Until the House is built

And then the Props withdraw

And adequate, erect,

The House support itself

And cease to recollect

The Augur and the Carpenter –

Just such a retrospect

Hath the perfected Life –

A Past of Plank and Nail

And slowness – then the scaffolds drop

Affirming it a Soul –

Participants' Reflections:

  • Thank you for your sharing. Very masculine! Just being a part of this group certainly expanded our decking. As you talked about making sure the foundation was there, and thinking out of the box and whatever else you described, it made me realize emotionally and in sharing with each other, we find our foundation over and over, return to our core, and think out of the box in many ways. I’m feeling that right now in a high Covid area with all of my closest friends vaccinated, and yet I have to pull out my masks today. It’s challenging to know I have to return, to trust being as flexible as when you had to wait on all the materials. This helped me. Thank you.
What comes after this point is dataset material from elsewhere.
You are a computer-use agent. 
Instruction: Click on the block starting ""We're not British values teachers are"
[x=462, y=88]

  • I appreciate your reading today. I am personally experiencing this as a result of Covid, as I’m part of a community planning services and providing leadership. I have to think totally out of the box. I needed the reminder that you said about patience, expectancy, and the pleasure that came from the whole experience. I tend to go to no pleasure, all work. Thank you.
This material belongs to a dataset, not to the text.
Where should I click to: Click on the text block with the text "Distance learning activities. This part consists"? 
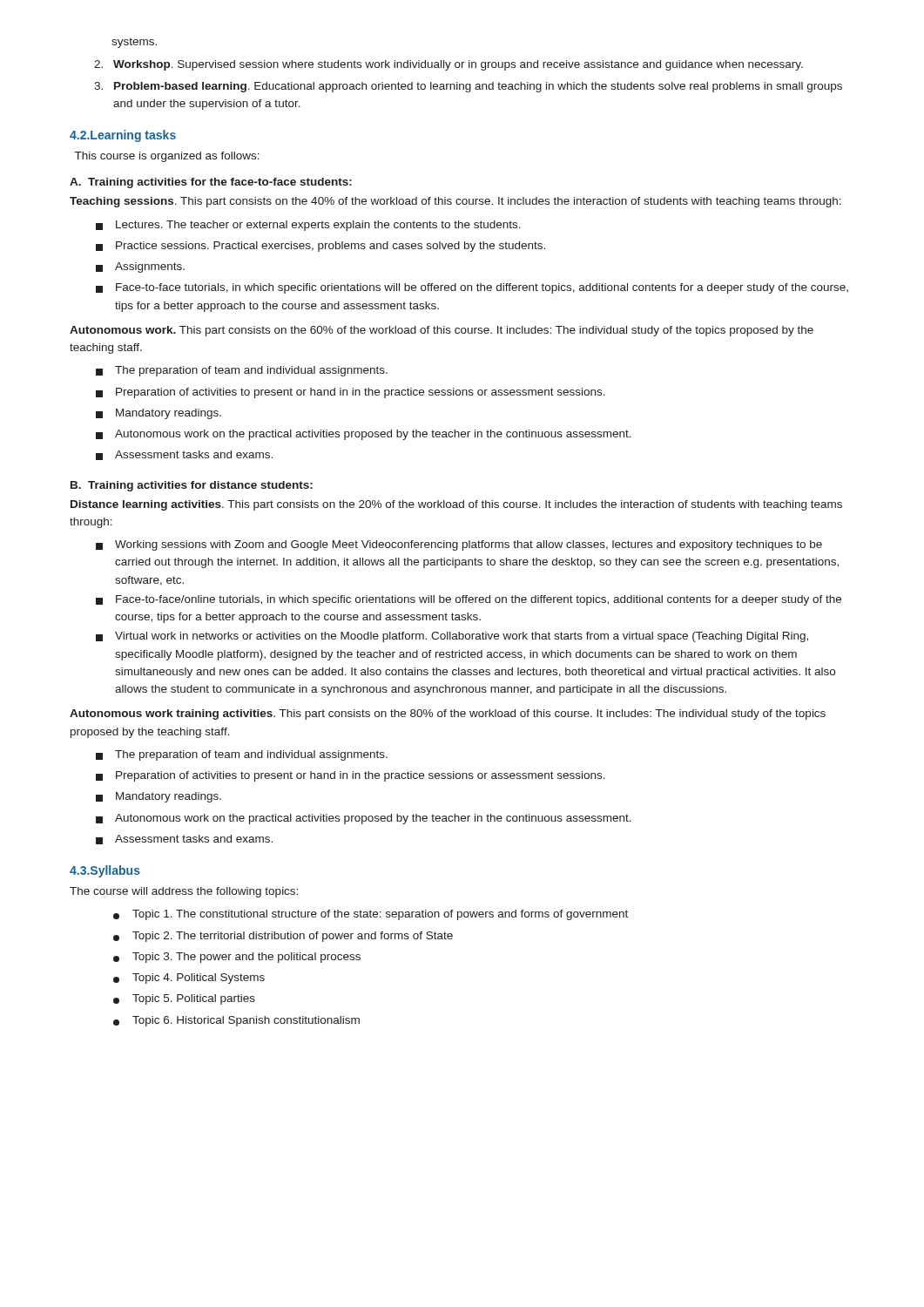(456, 512)
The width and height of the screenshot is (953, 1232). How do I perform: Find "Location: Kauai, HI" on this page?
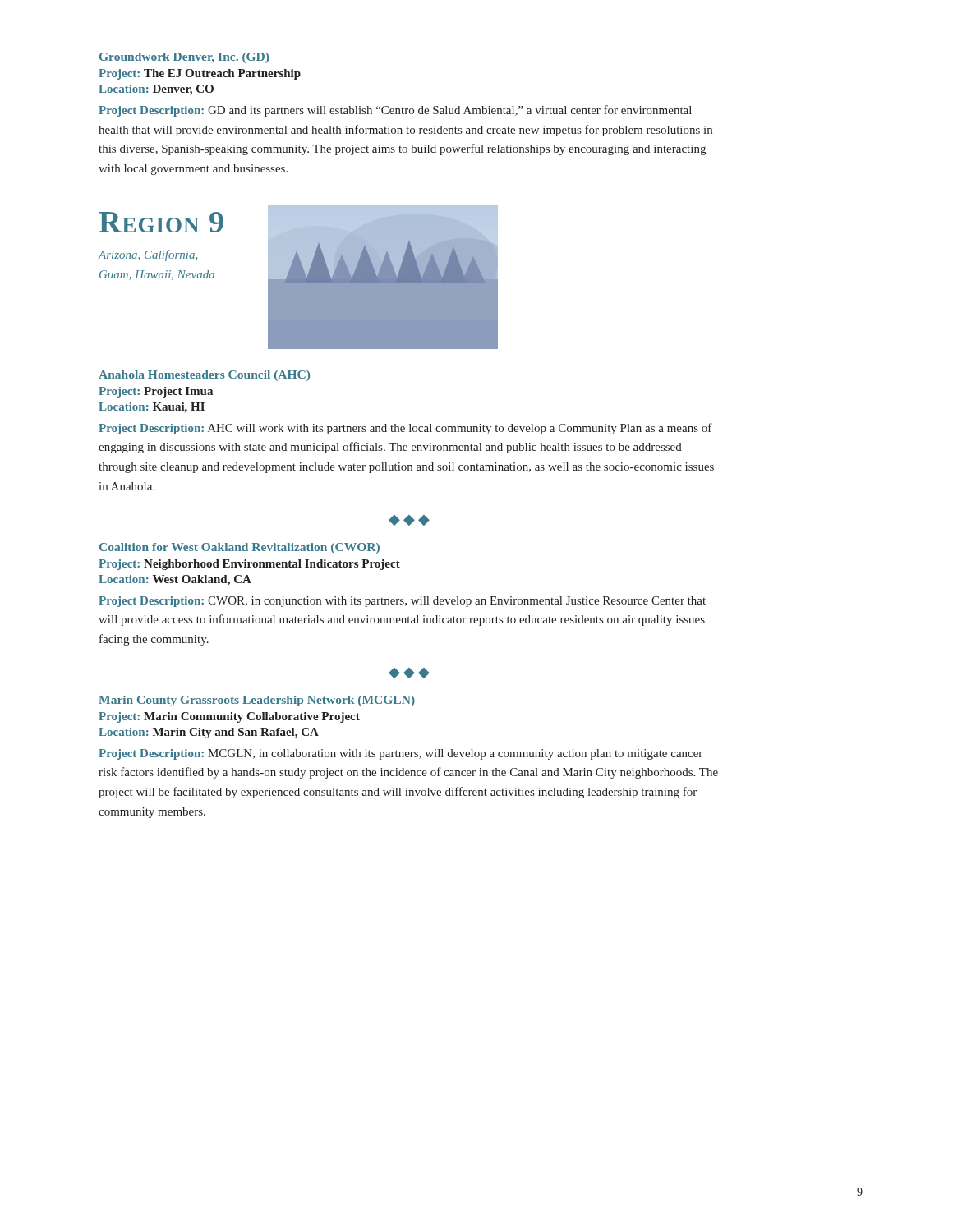[152, 406]

  • Over and over I hear we learn from every experience, no matter the experience. I think it’s a great example of something you did by choice building your deck. It could have been arduous and littered with problems, but you rose up to a bird’s eye view and looked at it metaphorically. That has helped me so much with circumstances and situations in my life that are painful. I feel the pain. I respect my emotional needs, and remember to look at the bird’s eye view to see what is there. This is a great example of something challenging you faced looking outside the box.

  • Thank you. I appreciate you sharing your building story with us. I think what you’re saying is we think outside of the deck. We’ve talked in the group a lot about tools. You used literal tools and practical tools. The tools we’ve learned to use in this group are not hammers and screwdrivers. They certainly are practical tools we can use in our emotional lives, spiritual lives and so forth. I thought about how marvelous it is no matter how old we get, we can keep our brains active, healthy and creative. Then I thought about neurogenesis and maybe that enabled you to be creative in your process. It’s comforting to me I can still feel creative and it feels so good to create in the skillet or in art. Thank you for sharing your creativity.

  • Wow, what a wonderful poem and reading. I love how you had bullet points. A beginner’s mind is something I go back to often. I look up to my father and brother and admire how they figure out how to manage. So often over the last year and a half I’ve had to rise to the occasion and deal with managing a large house on my own, the land on my own, and I’m doing it. I’m grateful as it made me more responsible. The Dickinson poem talks about the home having a soul. I am my house. I am my land. I have grown through the process taking on the responsibility.

  • Thank you for your reading. What it reminds me of is another topic we had recently, paying attention to our intention. I’ve had this intention lately to purge out belongings. I want to stay on course. Thank you for your encouragement. You stayed focused on your intention by sharing a great example and the inspiration.

  • I hope you all have a gentle day, find yourselves looking at the bigger picture. Raise yourself up to the bird’s eye view and know choosing words, we can shore up our foundation or we can limit it. By using words, setting an intention, visualizing, by wanting something greater, better, more solid builds a sturdier foundation. All of it helps, all created by our words we choose and our belief systems. Have a gentle day. We will be here tomorrow.